■ WORK ORDER
Your answer must be an exact copy of the records, minus any pictures.
****************
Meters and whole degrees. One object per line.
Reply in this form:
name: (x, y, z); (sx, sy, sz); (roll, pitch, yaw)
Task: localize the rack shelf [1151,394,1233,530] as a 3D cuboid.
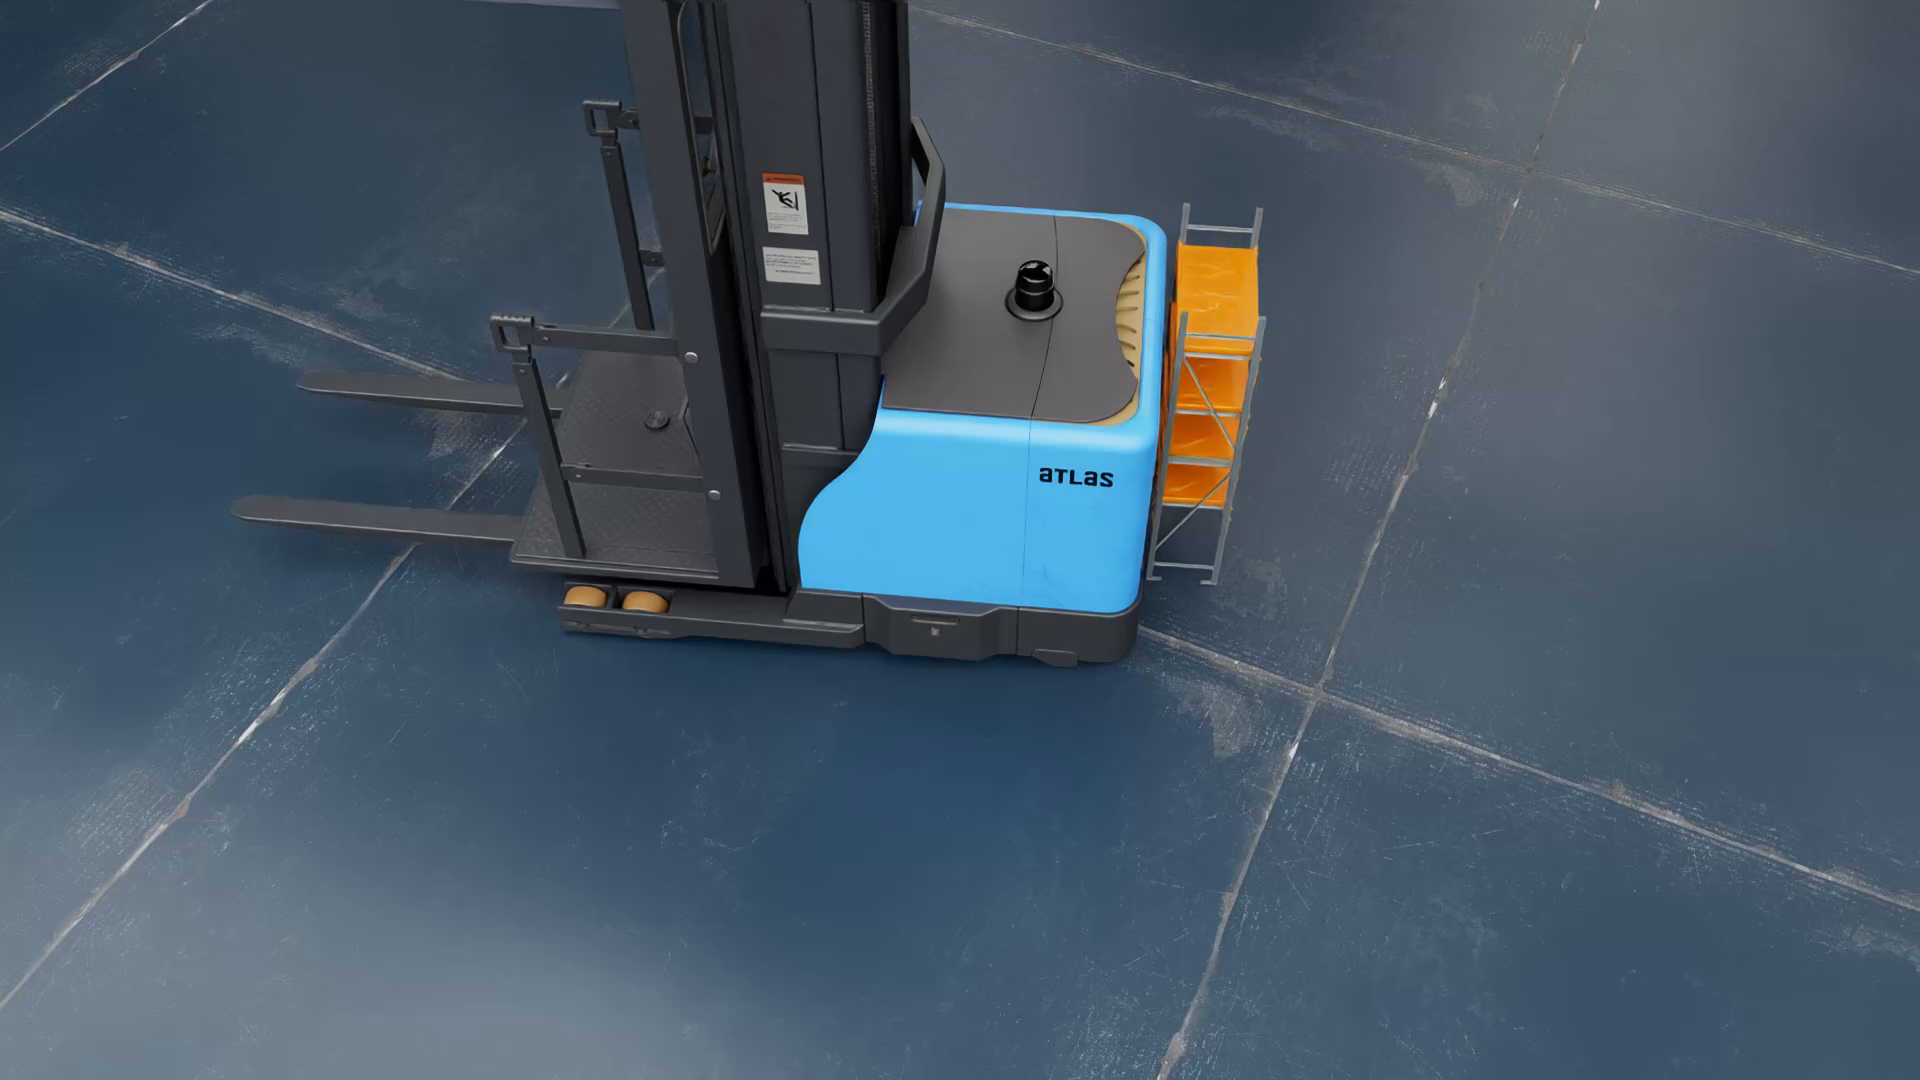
rack shelf: (0.773, -0.262, 5.534); (0.258, 0.148, 0.480); (4, 50, 4)

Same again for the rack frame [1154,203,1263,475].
rack frame: (0.797, -0.619, 5.489); (0.240, 1.200, 0.015); (4, 50, 4)

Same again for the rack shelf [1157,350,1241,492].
rack shelf: (0.773, -0.391, 5.383); (0.258, 0.148, 0.480); (4, 50, 4)

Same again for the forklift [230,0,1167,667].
forklift: (-0.892, -1.023, 4.696); (3.031, 2.935, 1.130); (5, 50, 4)

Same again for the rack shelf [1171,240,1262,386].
rack shelf: (0.773, -0.689, 5.032); (0.258, 0.148, 0.480); (4, 50, 4)

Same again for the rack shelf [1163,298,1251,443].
rack shelf: (0.773, -0.536, 5.213); (0.258, 0.148, 0.480); (4, 50, 4)

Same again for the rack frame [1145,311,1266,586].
rack frame: (0.749, -0.249, 5.174); (0.240, 1.200, 0.015); (4, 50, 4)

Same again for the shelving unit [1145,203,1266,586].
shelving unit: (0.773, -0.434, 5.332); (0.258, 1.200, 0.503); (4, 50, 4)
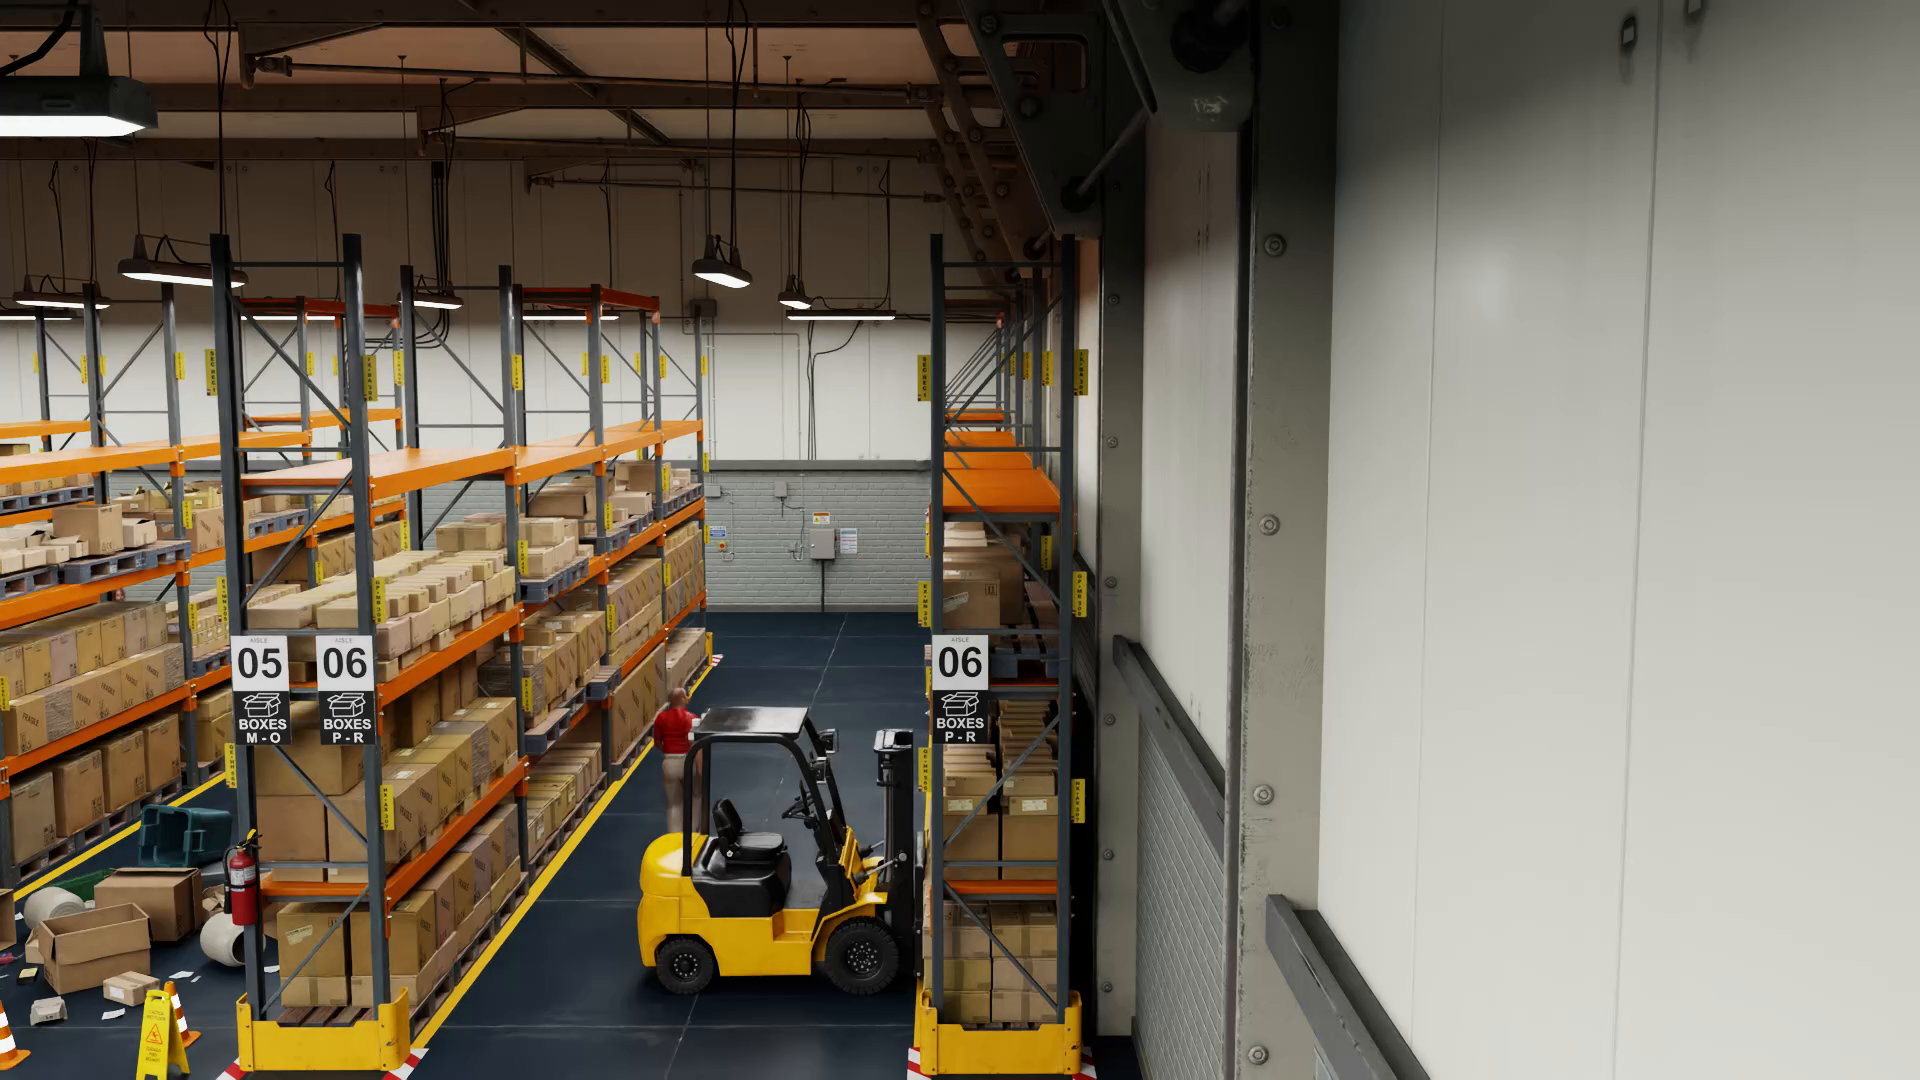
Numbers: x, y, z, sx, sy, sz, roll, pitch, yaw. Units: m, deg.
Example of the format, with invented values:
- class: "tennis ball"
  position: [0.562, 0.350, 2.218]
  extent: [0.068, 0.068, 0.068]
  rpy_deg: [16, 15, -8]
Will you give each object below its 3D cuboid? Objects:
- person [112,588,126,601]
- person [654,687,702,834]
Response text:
- class: "person"
  position: [-12.947, 1.537, 25.721]
  extent: [0.317, 1.620, 0.430]
  rpy_deg: [1, 6, 10]
- class: "person"
  position: [-2.865, 2.380, 17.025]
  extent: [0.556, 1.768, 0.799]
  rpy_deg: [0, 6, -2]
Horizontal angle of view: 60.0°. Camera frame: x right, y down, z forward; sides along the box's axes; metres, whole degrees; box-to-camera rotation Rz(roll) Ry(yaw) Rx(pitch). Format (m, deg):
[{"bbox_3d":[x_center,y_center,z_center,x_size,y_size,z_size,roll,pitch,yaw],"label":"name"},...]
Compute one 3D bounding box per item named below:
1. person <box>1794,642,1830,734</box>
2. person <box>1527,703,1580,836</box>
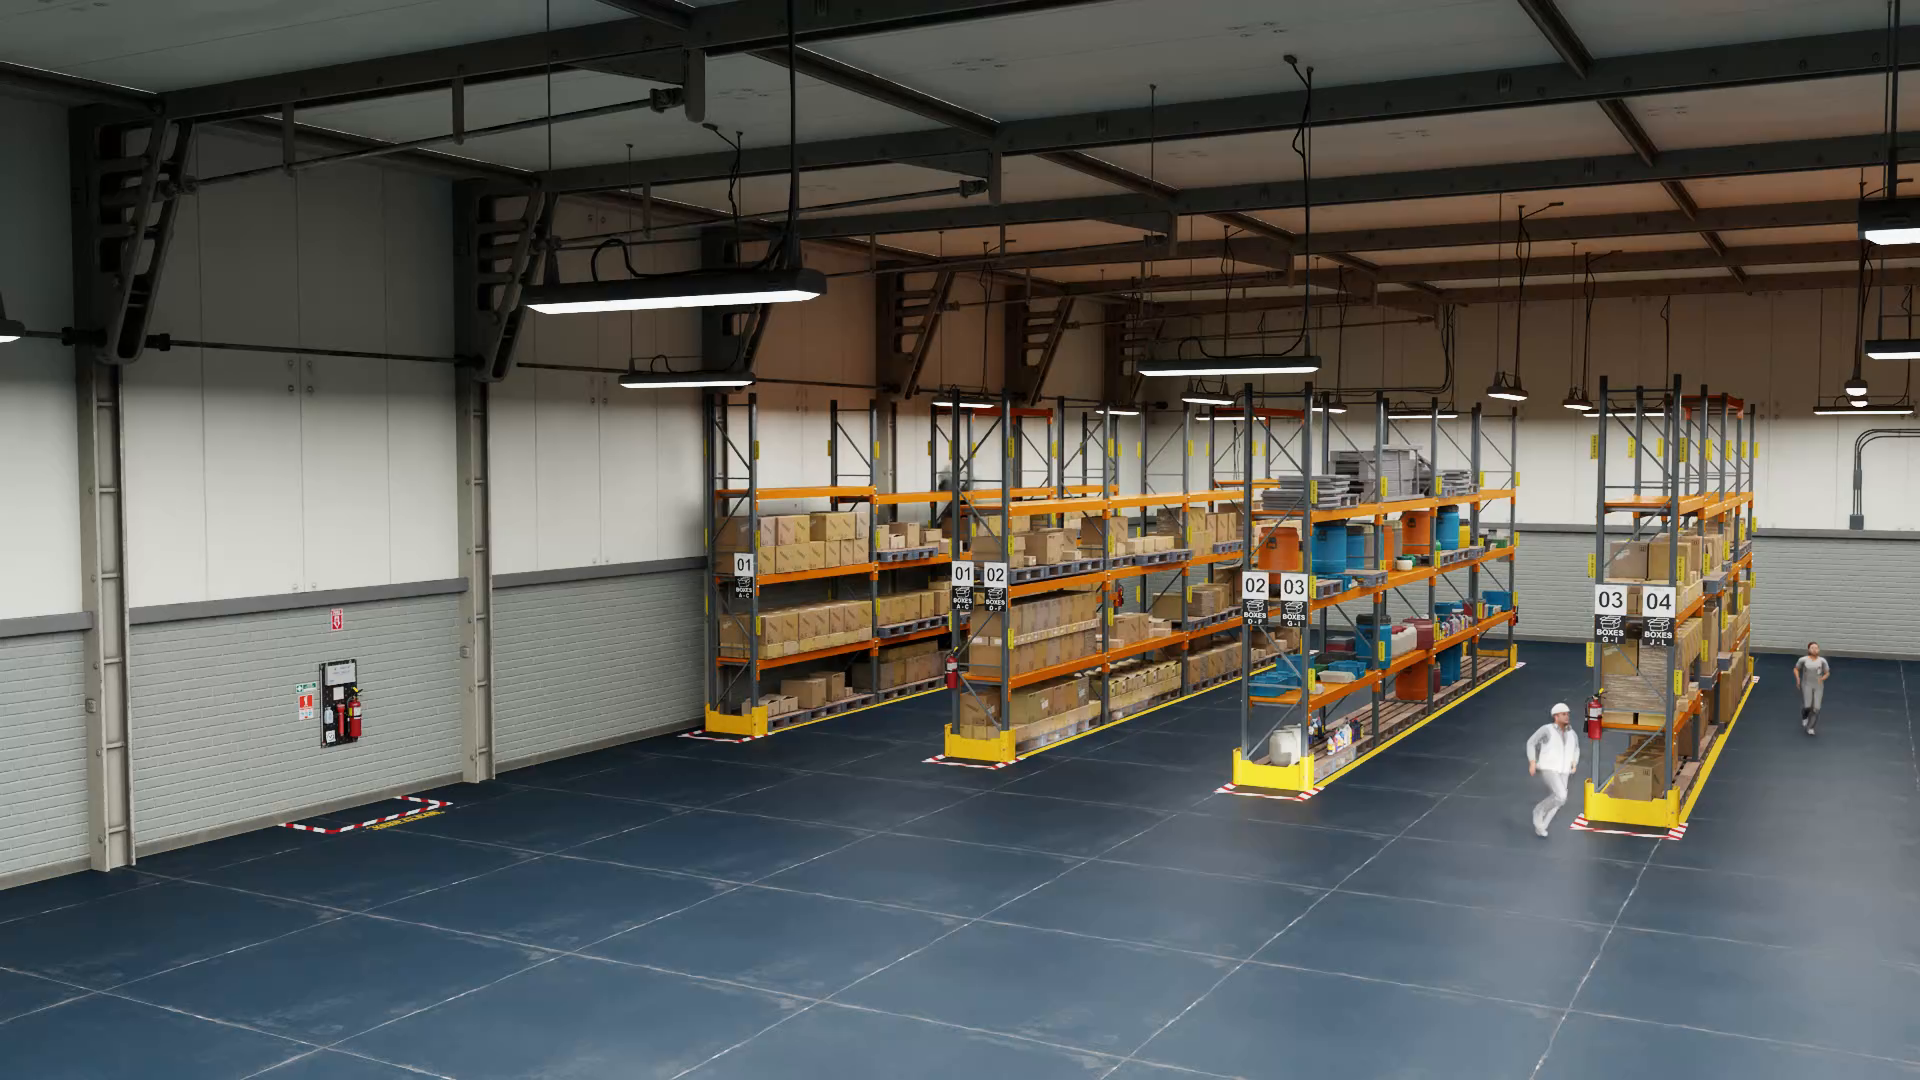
[{"bbox_3d":[15.004,2.606,29.279,0.559,1.627,0.557,1,3,20],"label":"person"},{"bbox_3d":[7.763,2.982,21.548,0.673,1.702,0.580,-1,3,-16],"label":"person"}]
****************
■ YOUR RESPONSE
Meters and whole degrees. One object per line.
Reply in this form:
name: (x, y, z); (sx, sy, sz); (roll, pitch, yaw)
Task: localize the rack shelf [1151,394,1233,530] as a 3D cuboid.
rack shelf: (0.773, -0.262, 5.534); (0.258, 0.148, 0.480); (4, 50, 4)

Same again for the rack frame [1154,203,1263,475].
rack frame: (0.797, -0.619, 5.489); (0.240, 1.200, 0.015); (4, 50, 4)

Same again for the rack shelf [1157,350,1241,492].
rack shelf: (0.773, -0.391, 5.383); (0.258, 0.148, 0.480); (4, 50, 4)

Same again for the forklift [230,0,1167,667].
forklift: (-0.892, -1.023, 4.696); (3.031, 2.935, 1.130); (5, 50, 4)

Same again for the rack shelf [1171,240,1262,386].
rack shelf: (0.773, -0.689, 5.032); (0.258, 0.148, 0.480); (4, 50, 4)

Same again for the rack shelf [1163,298,1251,443].
rack shelf: (0.773, -0.536, 5.213); (0.258, 0.148, 0.480); (4, 50, 4)

Same again for the rack frame [1145,311,1266,586].
rack frame: (0.749, -0.249, 5.174); (0.240, 1.200, 0.015); (4, 50, 4)

Same again for the shelving unit [1145,203,1266,586].
shelving unit: (0.773, -0.434, 5.332); (0.258, 1.200, 0.503); (4, 50, 4)
Numbers: x, y, z, sx, sy, sz, roll, pitch, yaw. Units: m, deg.
Example of the format, with invented values:
- class: "tennis ball"
  position: [0.562, 0.350, 2.218]
  extent: [0.068, 0.068, 0.068]
  rpy_deg: [16, 15, -8]
Will you give each object below its 3D cuboid? Objects:
- person [112,588,126,601]
- person [654,687,702,834]
Response text:
- class: "person"
  position: [-12.947, 1.537, 25.721]
  extent: [0.317, 1.620, 0.430]
  rpy_deg: [1, 6, 10]
- class: "person"
  position: [-2.865, 2.380, 17.025]
  extent: [0.556, 1.768, 0.799]
  rpy_deg: [0, 6, -2]
Horizontal angle of view: 60.0°. Camera frame: x right, y down, z forward; sides along the box's axes; metres, whole degrees; box-to-camera rotation Rz(roll) Ry(yaw) Rx(pitch). Format (m, deg):
[{"bbox_3d":[x_center,y_center,z_center,x_size,y_size,z_size,roll,pitch,yaw],"label":"name"},...]
Compute one 3D bounding box per item named below:
1. person <box>1794,642,1830,734</box>
2. person <box>1527,703,1580,836</box>
[{"bbox_3d":[15.004,2.606,29.279,0.559,1.627,0.557,1,3,20],"label":"person"},{"bbox_3d":[7.763,2.982,21.548,0.673,1.702,0.580,-1,3,-16],"label":"person"}]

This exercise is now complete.